W centrum uwagi:
· Duża zmienność cen gazu w USA
· Mieszane dane z Chin
W poniedziałek na globalnym rynku finansowym nieobecni byli Amerykanie, którzy obchodzili Dzień Martina Luthera Kinga. W związku z tym nie był notowany indeks CRB, a handel wieloma towarami w USA się nie odbył. Inwestorzy byli aktywni na niewielkiej ilości rynków, m.in. na rynkach surowców energetycznych i metali. Na obu z nich dominowały niedźwiedzie.
Duża zmienność cen gazu w USA
Największa zniżka była wczoraj widoczna na rynku gazu ziemnego – surowiec ten w USA potaniał o 3,1%. Zmienność cen gazu ziemnego w ostatnich miesiącach jest wyjątkowo duża. Koniec listopada i cały grudzień minionego roku upłynęły pod znakiem dynamicznej przeceny gazu ziemnego na skutek utrzymujących się w północno-wschodniej części Stanów Zjednoczonych relatywnie wysokich temperatur powietrza.

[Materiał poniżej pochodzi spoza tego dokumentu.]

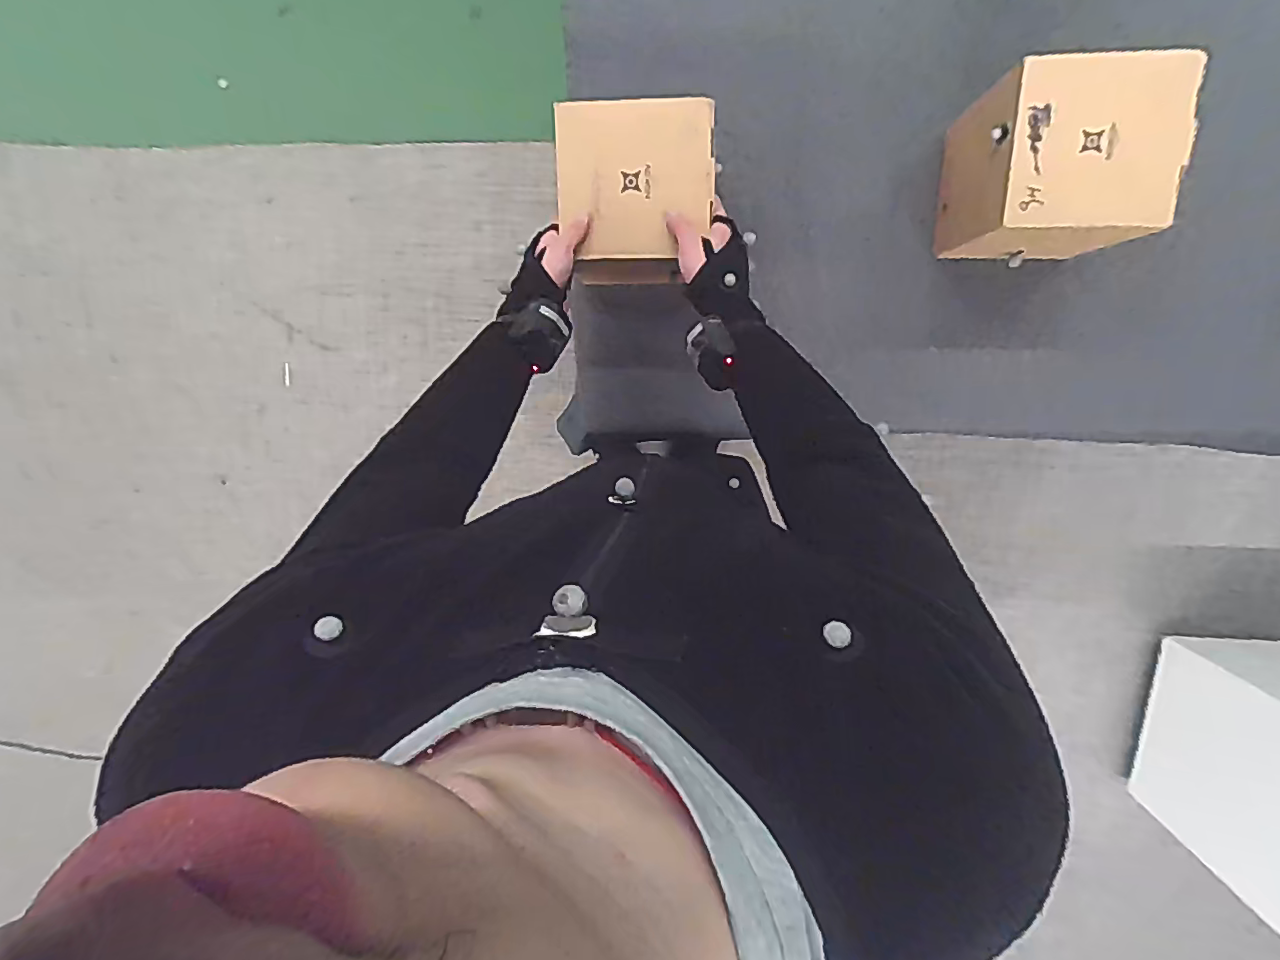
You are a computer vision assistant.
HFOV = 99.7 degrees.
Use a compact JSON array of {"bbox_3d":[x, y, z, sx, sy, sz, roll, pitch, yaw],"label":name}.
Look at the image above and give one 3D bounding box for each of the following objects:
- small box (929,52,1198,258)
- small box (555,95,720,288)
[{"bbox_3d":[0.481,-0.369,0.644,0.179,0.176,0.168,0,101,1],"label":"small box"},{"bbox_3d":[0.001,-0.336,0.660,0.179,0.176,0.168,-2,99,3],"label":"small box"}]

Na początku tego roku zniżka jednak wyhamowała i po kilkusesyjnej konsolidacji notowania gazu odbiły w górę. To również był efekt prognoz pogody, tym razem zapowiadających nadejście mroźnej zimy w USA. Jednak już od ubiegłego czwartku zwyżka ta jest systematycznie niwelowana.
Jak podała wczoraj amerykańska CFTC (Commodity Futures Trading Commission), na rynku gazu ziemnego przeważają krótkie pozycje. W tygodniu zakończonym 13 stycznia br. ilość krótkich pozycji netto wzrosła aż o 70% i znalazła się na poziomie 17513. To właśnie ich zamykanie po zapowiedziach mroźnej zimy było prawdopodobnie przyczyną tak dynamicznego ruchu cen gazu ziemnego na północ (14 stycznia zwyżka przekroczyła 11%).

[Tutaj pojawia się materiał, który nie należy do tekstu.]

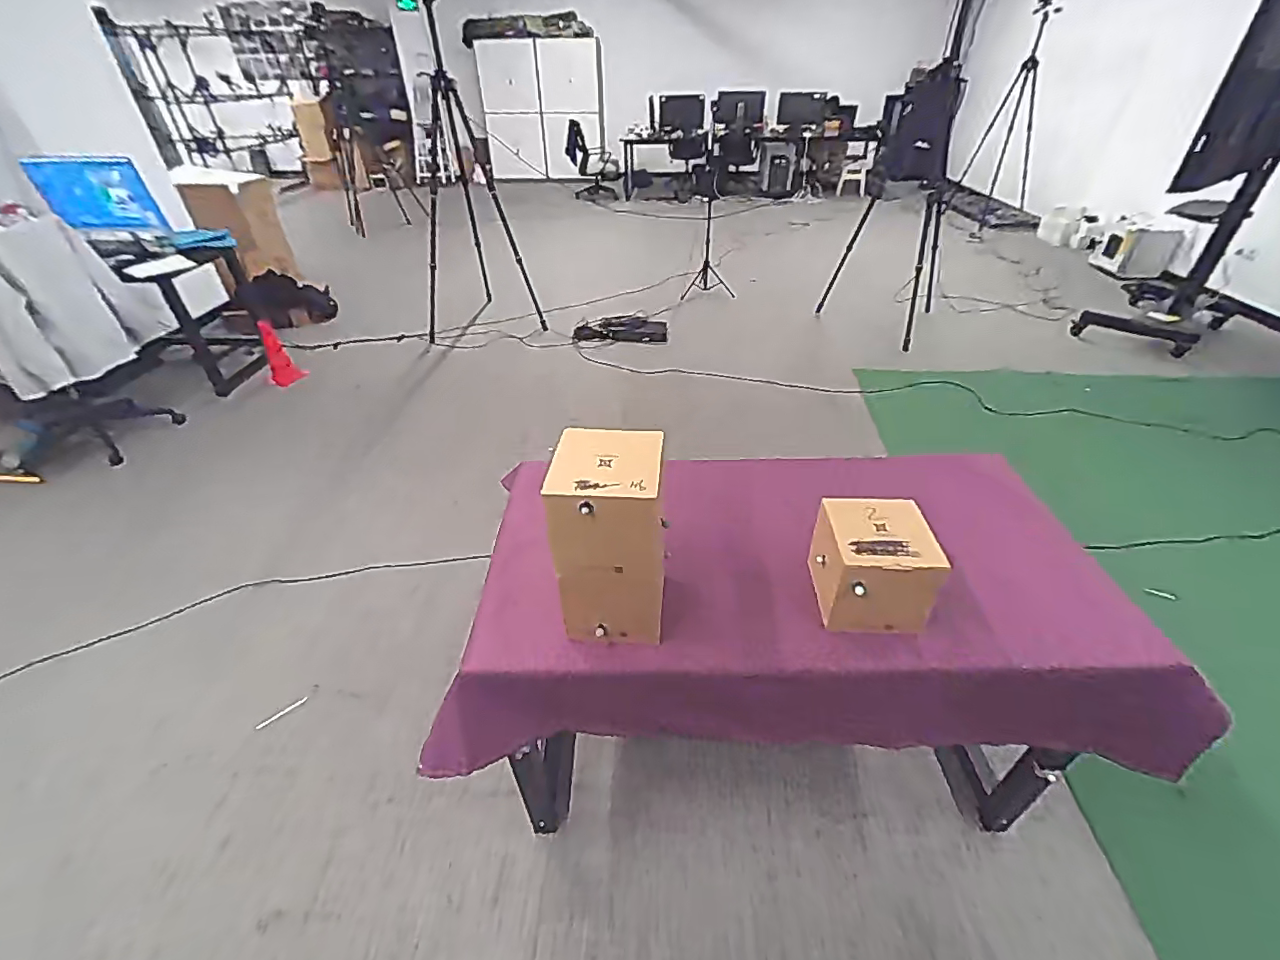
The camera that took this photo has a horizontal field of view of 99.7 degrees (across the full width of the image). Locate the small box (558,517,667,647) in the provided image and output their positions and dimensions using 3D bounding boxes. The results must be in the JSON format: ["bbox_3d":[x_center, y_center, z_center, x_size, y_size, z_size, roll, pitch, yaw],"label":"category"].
[{"bbox_3d":[-0.041,0.170,0.964,0.168,0.176,0.179,2,38,6],"label":"small box"}]

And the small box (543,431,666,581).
[{"bbox_3d":[-0.046,0.038,0.864,0.168,0.176,0.179,1,36,6],"label":"small box"}]

Obecnie prognozy pogody znów zaczęły sprzyjać stronie podażowej, co widać po zachowaniu się cen gazu ziemnego. Co najmniej do końca stycznia na rynku tego surowca najważniejszym czynnikiem wpływającym na ceny prawdopodobnie pozostanie pogoda, co będzie sprzyjało nerwowym ruchom cen gazu.
Mieszane dane z Chin
Tymczasem dzisiaj rano na rynkach surowcowych szeroko komentowane są dane dotyczące PKB Chin za IV kwartał, które pojawiły się dzisiaj nad ranem. Są one ważne dla kształtowania się cen wielu surowców, bowiem Chiny to kluczowy konsument licznych surowców i towarów. Dotyczy to zwłaszcza rynku miedzi – Państwo Środka odpowiada za ponad 40% globalnego popytu na ten metal.

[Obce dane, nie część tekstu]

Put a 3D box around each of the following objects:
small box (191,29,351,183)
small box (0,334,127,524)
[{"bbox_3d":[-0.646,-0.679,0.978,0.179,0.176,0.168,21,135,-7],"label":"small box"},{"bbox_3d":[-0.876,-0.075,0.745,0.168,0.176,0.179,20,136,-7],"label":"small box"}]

Dane dot. chińskiego PKB zostały przyjęte przez inwestorów z mieszanymi uczuciami. Na wstępie warto zaznaczyć, że okazały się one lepsze od oczekiwań – w ubiegłym kwartale dynamika PKB w Chinach znalazła się na poziomie 7,3%, podczas gdy spodziewano się 7,2%. Jednak dla całego 2014 roku dane okazały się gorsze od oczekiwań – w całym ubiegłym roku wzrost gospodarczy Chin znalazł się na poziomie 7,4%. To gorszy wynik niż ten, w który celowały chińskie władze (7,5%), a przede wszystkim, to najgorszy wynik od 24 lat.
O ile więc pierwsza reakcja na dane z Chin była pozytywna, to w krótkim czasie notowania zawróciły w dół i obecnie oscylują w okolicach wczorajszych minimów.